▶ Task item: Write each entry again exactly as shown, but without the images it holds.

═════ Extracted data ═════

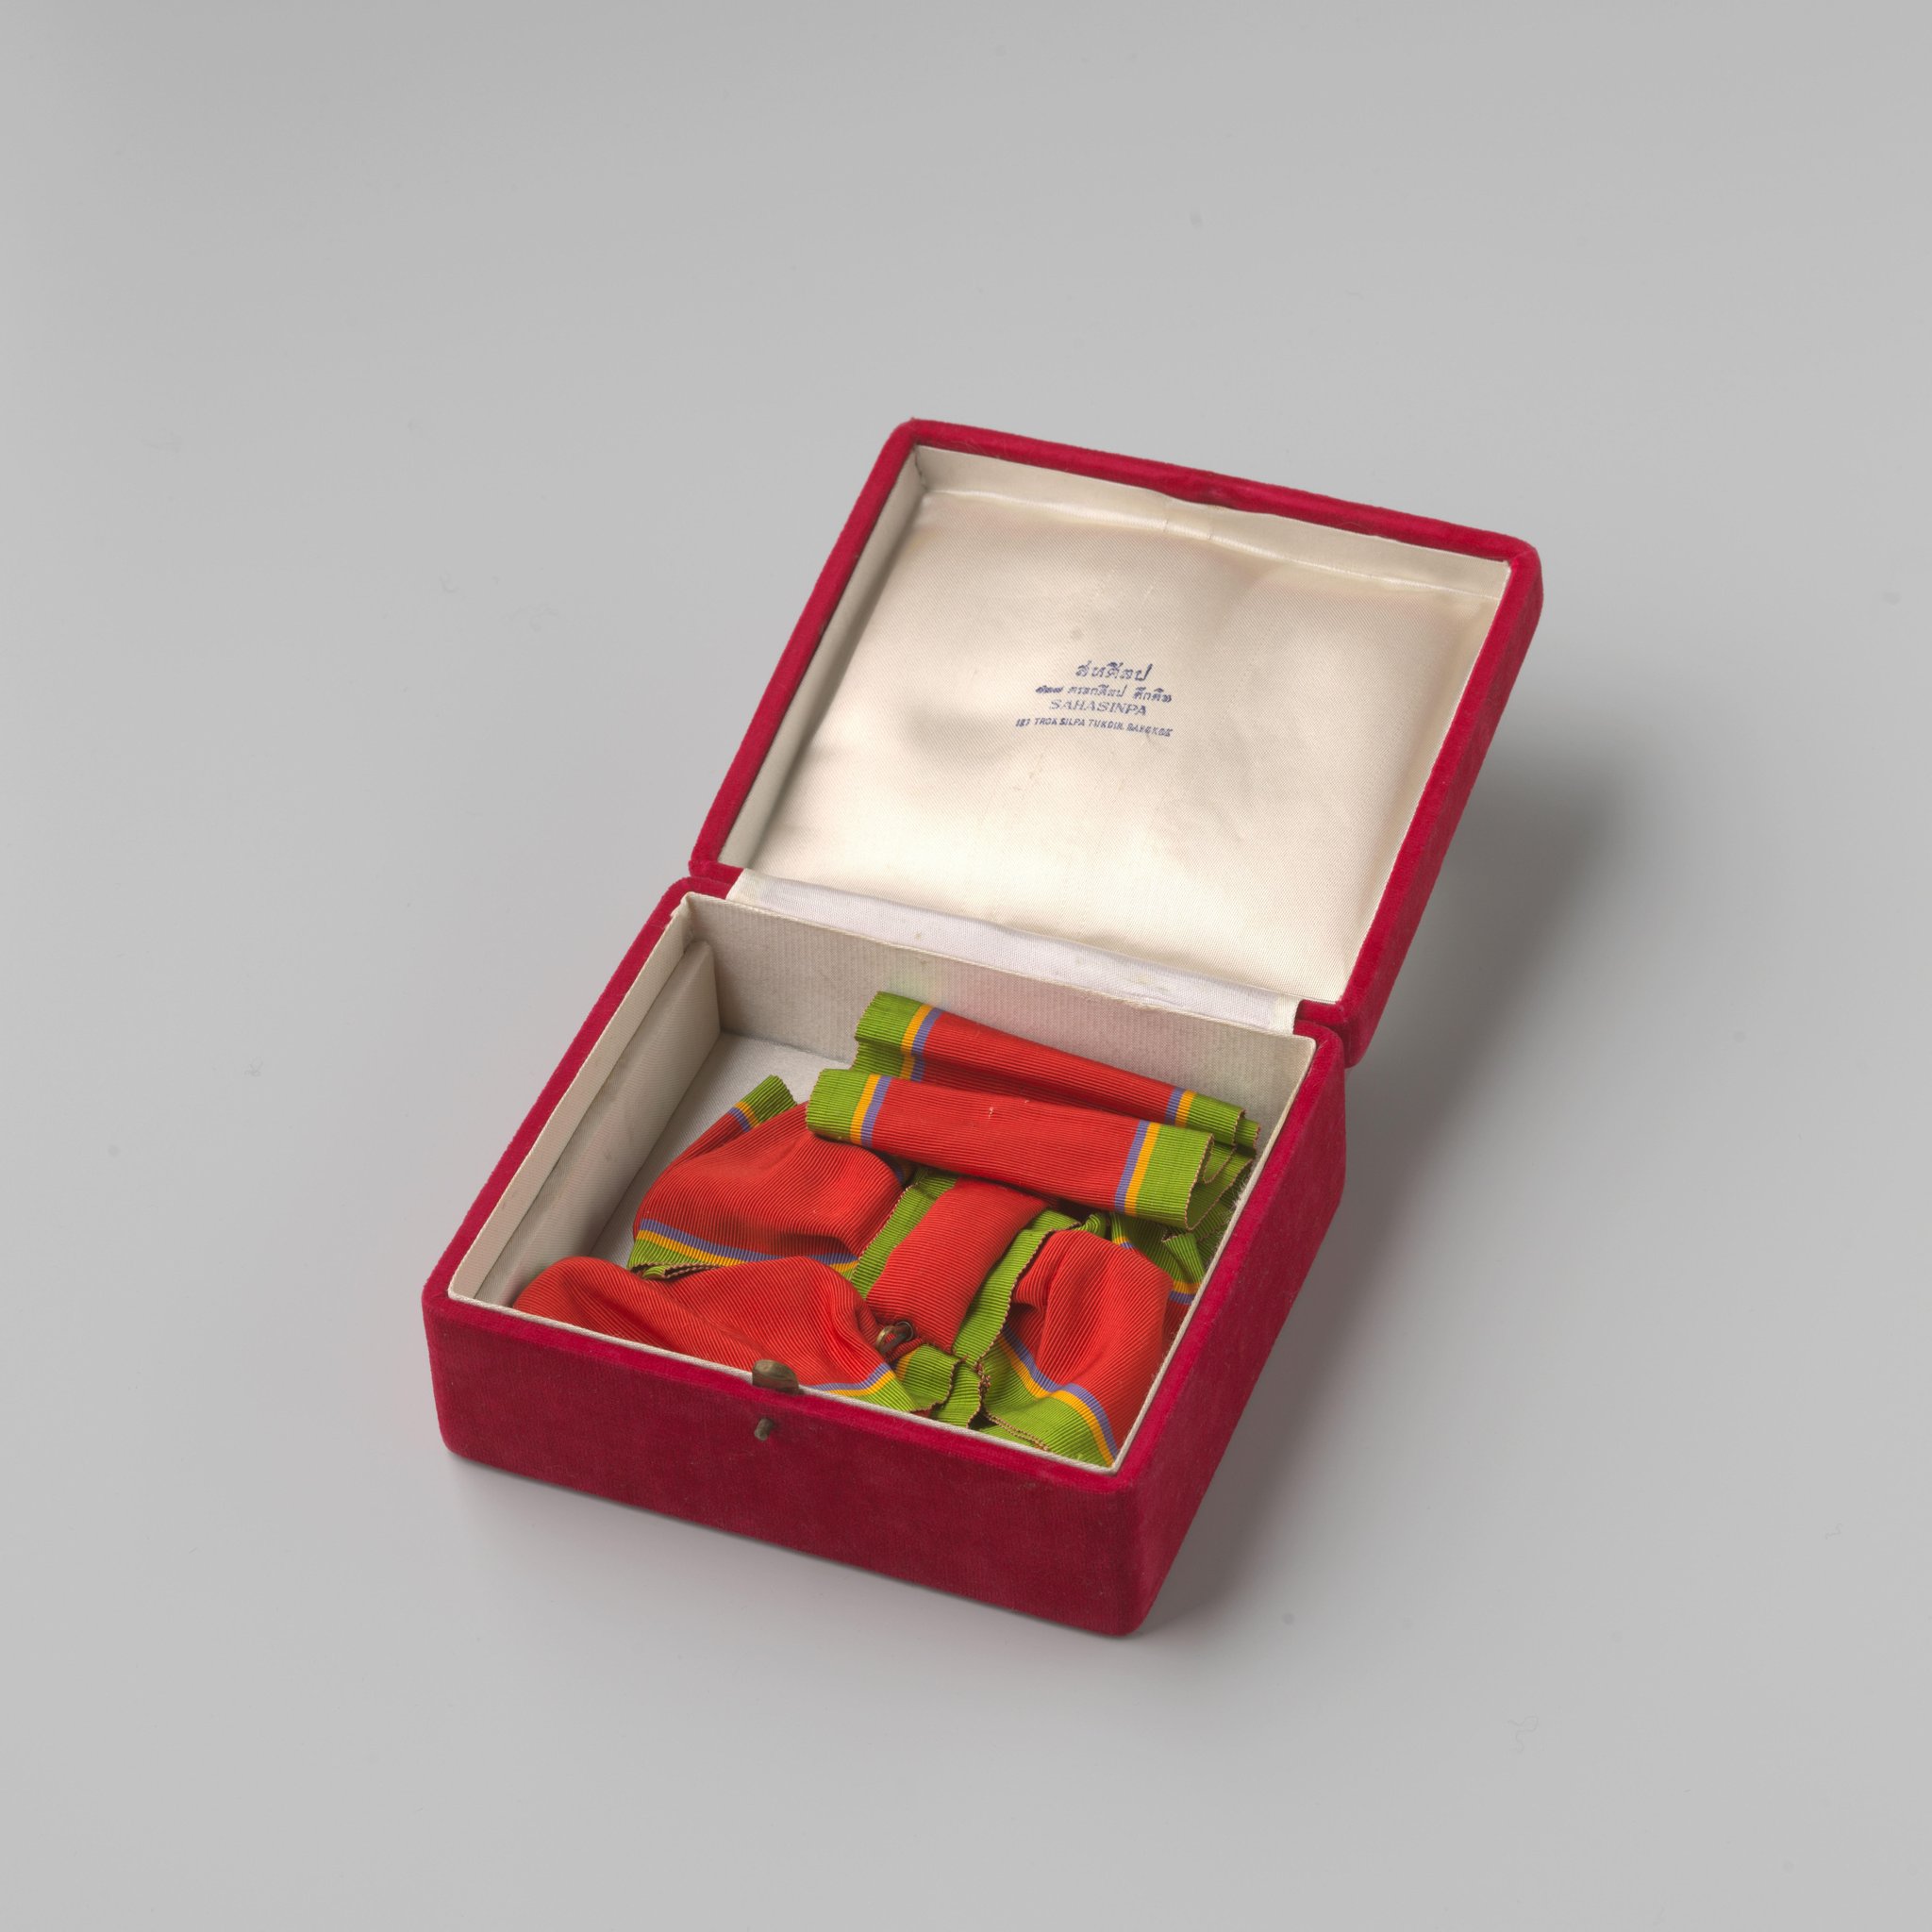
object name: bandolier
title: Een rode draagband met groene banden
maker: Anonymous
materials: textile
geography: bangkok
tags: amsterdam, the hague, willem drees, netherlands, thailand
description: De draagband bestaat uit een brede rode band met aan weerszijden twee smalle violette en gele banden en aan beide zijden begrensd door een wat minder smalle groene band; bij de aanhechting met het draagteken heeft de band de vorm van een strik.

═════

▶ Task answer:
object name: bandolier
title: Een rode draagband met groene banden
maker: Anonymous
materials: textile
geography: bangkok
tags: amsterdam, the hague, willem drees, netherlands, thailand
description: De draagband bestaat uit een brede rode band met aan weerszijden twee smalle violette en gele banden en aan beide zijden begrensd door een wat minder smalle groene band; bij de aanhechting met het draagteken heeft de band de vorm van een strik.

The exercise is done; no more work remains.